The Mediating Role of Non-Suicidal Self-Injury In the Relationship Between Impulsivity and Suicidal Behavior Among Inpatients Receiving Treatment for Substance Use Disorders
Several theories posit a direct role of impulsivity in suicidal behavior. The interpersonal-psychological theory of suicidal behavior (IPTS) argues that the relationship between impulsivity and suicidal behavior is explained by the painful and/or provocative experiences (PPEs) often encountered by impulsive individuals. It thus seems plausible that nonsuicidal self-injury (NSSI), itself associated with impulsivity, might account for the relationship between impulsivity and suicidal behavior. We examined data from 93 adult inpatients (54.8% male) seeking treatment for substance use disorders. Patients completed a structured interview assessing prior suicidal behavior and a series of self-report questionnaires examining impulsivity, NSSI, and psychopathology.
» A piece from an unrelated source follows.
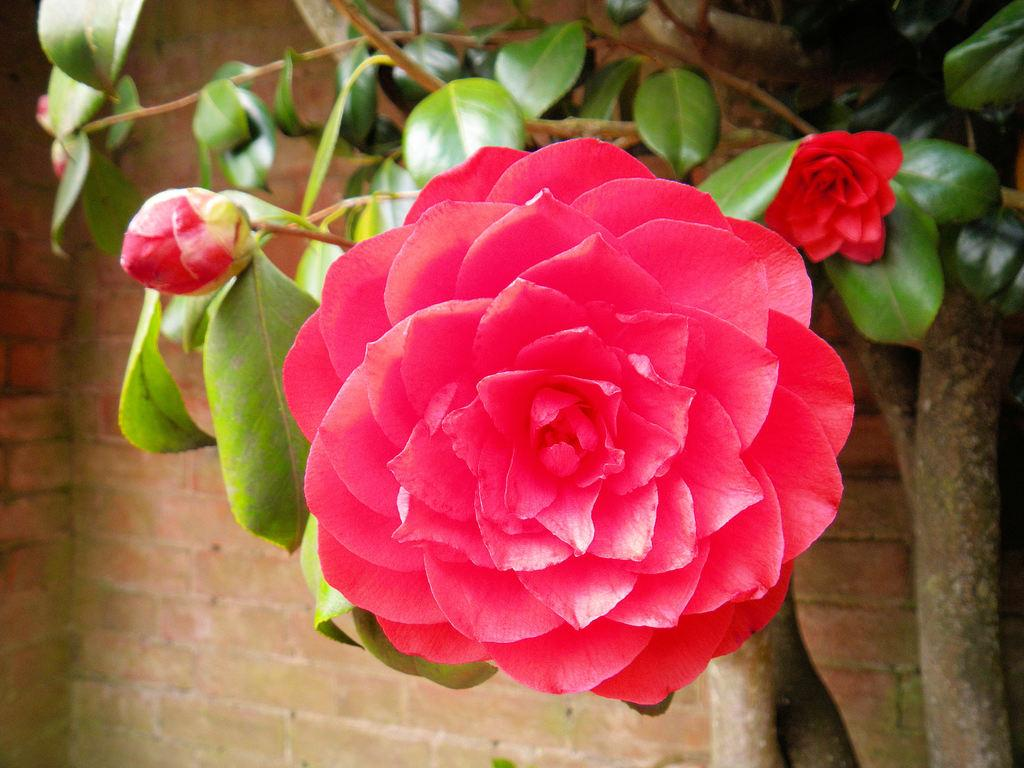What type of plant is in the image? There is a plant in the image, and it has flowers and buds. What can be seen on the plant besides the leaves? The plant has flowers and buds. What is visible in the background of the image? There is a wall visible in the image. What type of experience can be seen on the plant in the image? There is no experience present on the plant in the image; it is a living organism with flowers and buds. How many ants are visible on the plant in the image? There are no ants present on the plant in the image.

Four impulsivity dimensions (negative urgency, positive urgency, lack of premeditation, lack of perseverance) were associated with lifetime number of suicide attempts and/or suicide potential. Furthermore, results supported our hypotheses, as all but one relation was better accounted for by NSSI and, in the one exception, the direct effect was non-significant. Findings are consistent with the IPTS and suggest that suicidal behavior may not be a direct manifestation of impulsivity, but facilitated through exposure to PPEs capable of altering an individual׳s relationship to pain and fear of death.
Anestis, M. D.,
Tull, M. T.,
Lavender, J. M.,
Gratz, K. L.
(2014). The Mediating Role of Non-Suicidal Self-Injury In the Relationship Between Impulsivity and Suicidal Behavior Among Inpatients Receiving Treatment for Substance Use Disorders. Psychiatry Research, 218(1), 166-173.